Hi,
The implementation of this is complete.
Now frequency can be added easily to a spelling or tagging dictionary. In
Catalan, we use the tagging dictionary because there is only one dictionary
for both spelling and tagging. In the rest of languages, the frequency data
must be attached to the spelling dictionary.
For example, for building the American English spelling dictionary, we
should add a line to the en_US.info file:
fsa.dict.frequency-included=true
And then:
java -cp languagetool.jar org.languagetool.dev.SpellDictionaryBuilder en-US
dictionary.dump en_US.info en_us_wordlist.xml
This can be done for most languages, but some adjustments in the tests will
be needed.
Regards,
Jaume Ortolà
2013/12/9 Jaume Ortolà i Font <jaumeort...@gmail.com>
> Hi,
>
> I have implemented the flag for frequency data.
>
> There is a pull request in Morfologik. In LanguagTool I have published a
> branch (which probably was unnecessary, I'm afraid). Take a look. Perhaps
> there are things you prefer to code differently.
>
> Now, we need to merge the code in LT, a new version of Morfologik. And
> then we'll be able to rebuild the dictionaries and adjust the tests if
> needed.
>
> Regards,
> Jaume Ortolà
>
>
>
>
> 2013/12/9 Marcin Miłkowski <list-addr...@wp.pl>
>
>> W dniu 2013-12-09 00:12, Jaume Ortolà i Font pisze:
>> > Hi,
>> >
>> > I have implemented the use of the frequency word lists, and it works
>> > well for me. I will make pull requests to both LanguageTool and
>> > Morfologik projects. In LanguageTool, I added to POSDictionaryBuilder
>> > the option of reading frequency data from files like ca_wordlist.xml.
>>
>> Excellent!
>>
>> > Now there are only minor problems in some tests in Polish and German,
>> > which use '+' as a separator in the FSA dictionary. The same character
>> > is used also in some POS tags. If a flag for frequency data is added to
>> > the dictionary properties (which anyway is advisable), the problem will
>> > be solved. In fact, with this flag, we could consider that the last byte
>> > is the frequency data and the separator between POS tag and frequency is
>> > not needed.
>>
>> I'd go for the flag. It makes the solution more robust.
>>
>> Anyway, the spelling dictionary for Polish is different from the tagger
>> dictionary so I cannot really see why there could be any problems? There
>> are no separators in the spelling dictionary at all.
>>
>> >
>> > The other solution is to change the separator...
>>
>> Why would one change something which does not exist yet?

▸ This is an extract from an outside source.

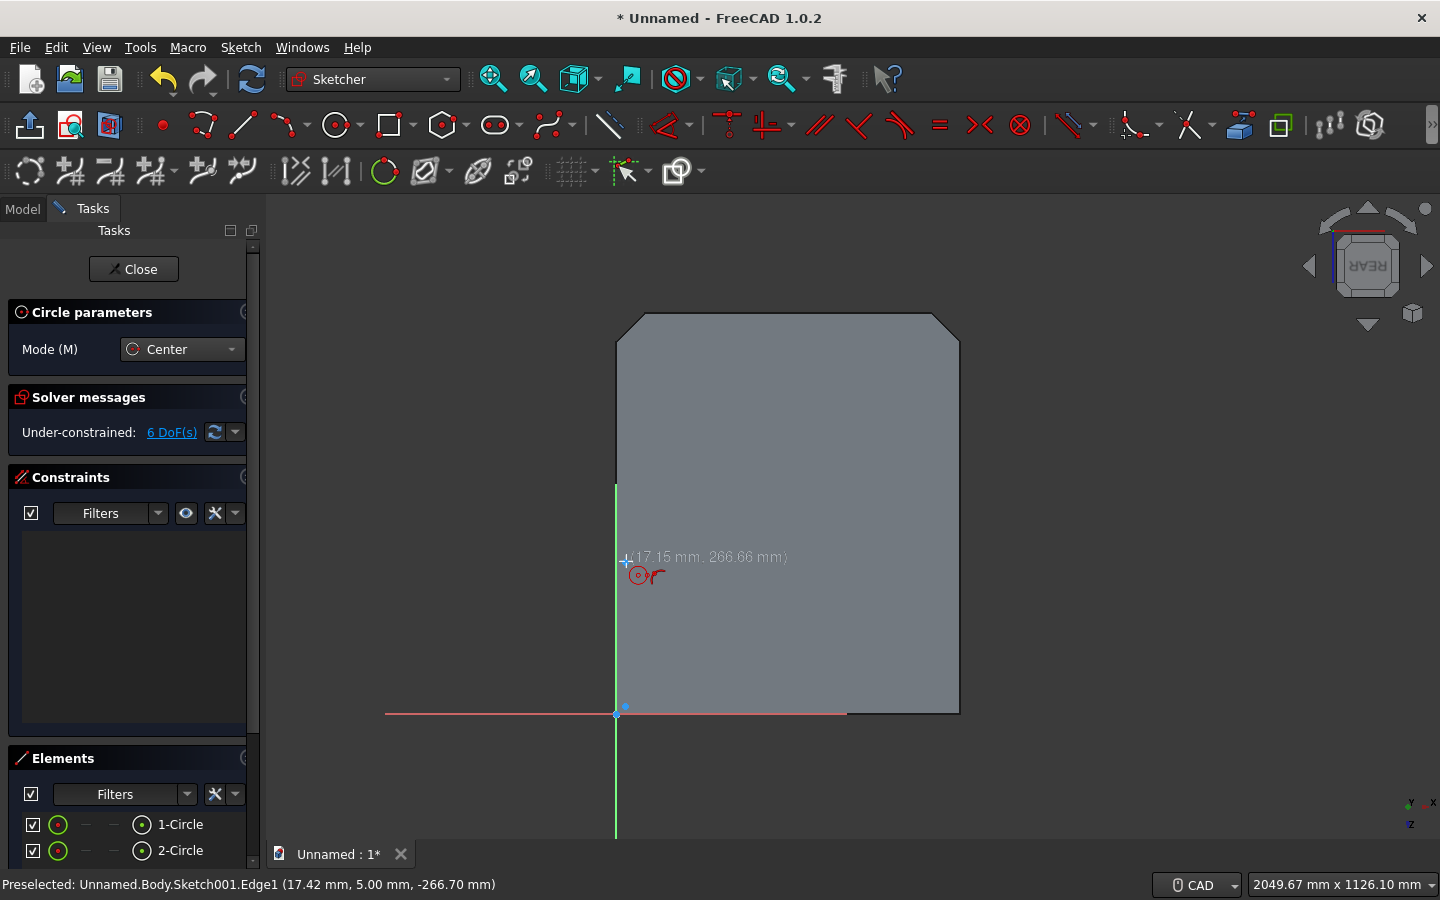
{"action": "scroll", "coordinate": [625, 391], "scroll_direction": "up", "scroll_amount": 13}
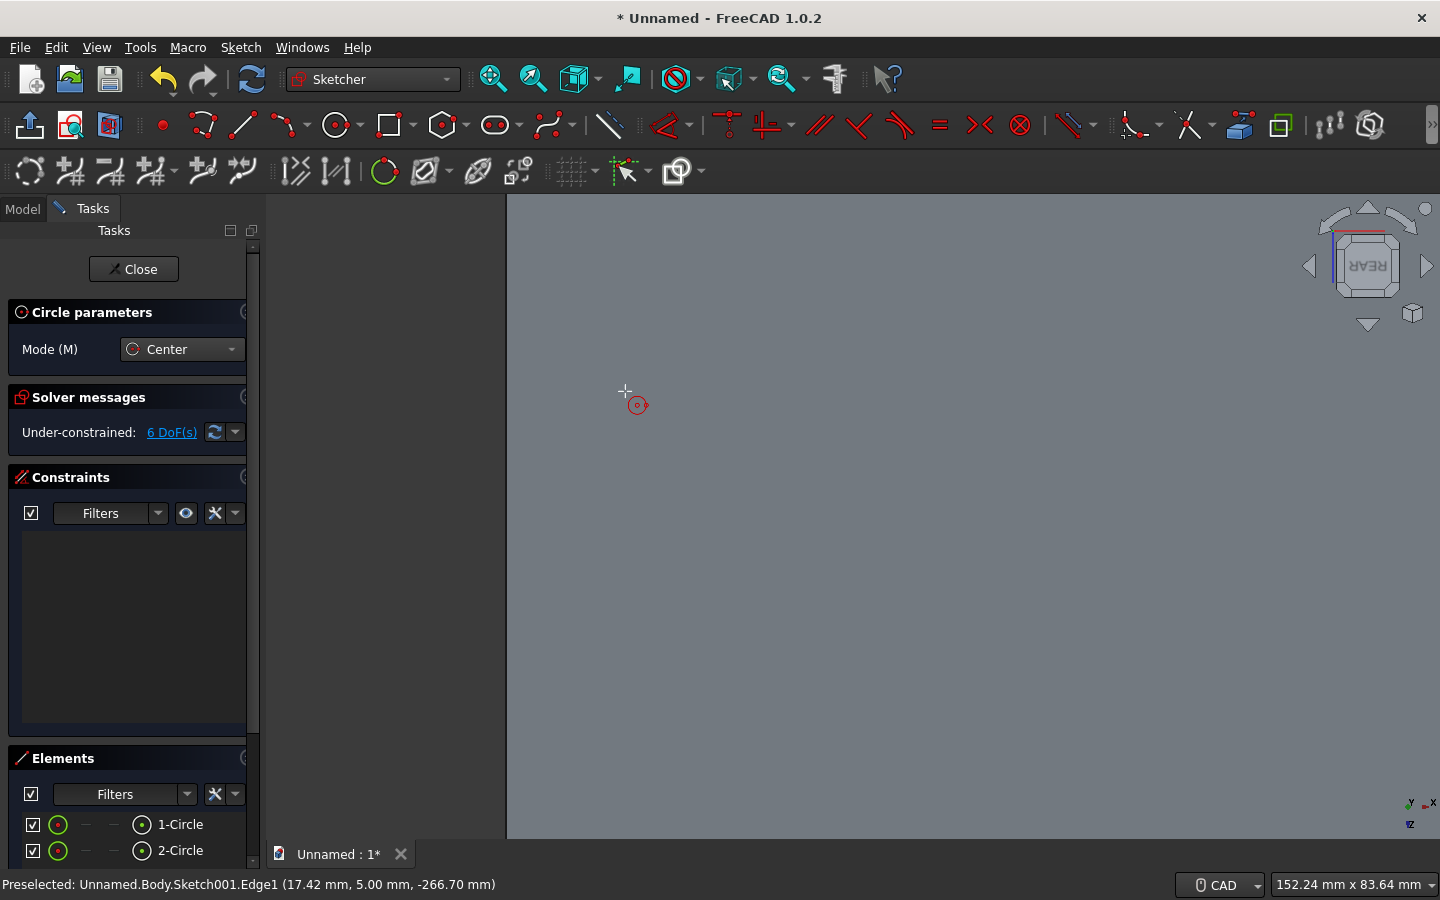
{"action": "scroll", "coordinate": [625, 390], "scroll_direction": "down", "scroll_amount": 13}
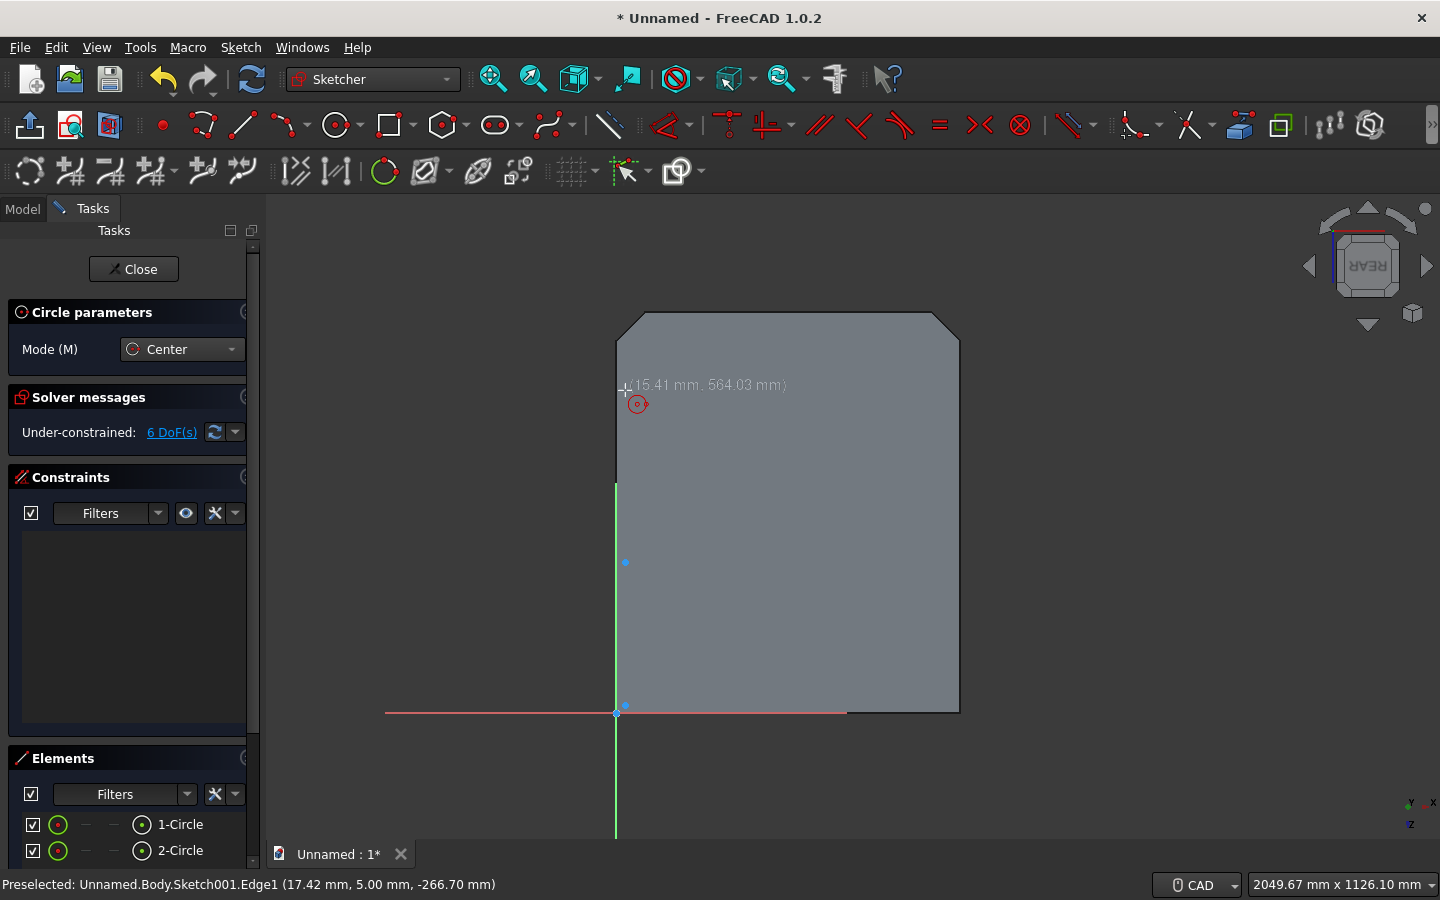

It's not even
>> introduced in the spelling dictionaries...
>>
>> Best,
>> Marcin
>>
>> >
>> > Regards,
>> > Jaume Ortolà
>> >
>> >
>> >
>> >
>> > 2013/11/26 Marcin Miłkowski <list-addr...@wp.pl <mailto:
>> list-addr...@wp.pl>>
>> >
>> > W dniu 2013-11-26 18:44, Jaume Ortolà i Font pisze:
>> > > 2013/11/26 Daniel Naber <list2...@danielnaber.de
>> > <mailto:list2...@danielnaber.de>
>> > > <mailto:list2...@danielnaber.de <mailto:list2...@danielnaber.de
>> >>>
>> > >
>> > > On 2013-11-26 15:27, Jaume Ortolà i Font wrote:
>> > >
>> > > > Look at these wordlists [1]. They are Apache 2.0. The
>> > words are
>> > > > classified in 256 ranges.
>> > >
>> > > > [1]
>> > >
>> https://github.com/mozilla-b2g/gaia/tree/master/keyboard/dictionaries
>> > >
>> > > The German one looks okay. Unless the quality is a serious
>> > problem for
>> > > some language, I'd suggest to simple use these lists.
>> > >
>> > >
>> > > I think the quality won't be a serious problem (even with the
>> > > tokenization differences in Catalan). The goal is just to avoid
>> > common
>> > > words (usually short ones) being hidden by dozens of other
>> uncommon
>> > > words in spelling suggestions. So these wordlists seem good
>> enough.
>> > >
>> > > Now, we need Marcin to say something about how to add this data
>> > to the
>> > > FSA dictionaries. I guess we just need to add an extra field
>> (with a
>> > > separator) after the POS tag.
>> >
>> > Exactly. Also, there is already some code in the speller that sorts
>> the
>> > suggestions and could use the frequency to sort them as well, not
>> only
>> > the edit distance (in the CandidateData internal class in Speller).
>> >
>> > The dictionary can already contain separators, so we can freely use
>> a
>> > second field. Maybe we should have another flag to say that this
>> field
>> > is actually used for frequency.
>> >
>> > Note: in 1.8, we changed the dictionary building process because
>> there
>> > was a tiny bug. I am unable to work on existing dictionaries (some
>> are
>> > faulty, for example, the Slovak one) until the next week, but then
>> we'll
>> > upgrade to morfologik-stemming 1.8 to remove the bugs and have
>> somewhat
>> > better dictionaries. Interestingly, infix encoding turns out to be
>> > suboptimal right now in terms of the automaton size but prefix is
>> > very good.
>> >
>> > Sorry for being terse, I have an important event (habilitation exam)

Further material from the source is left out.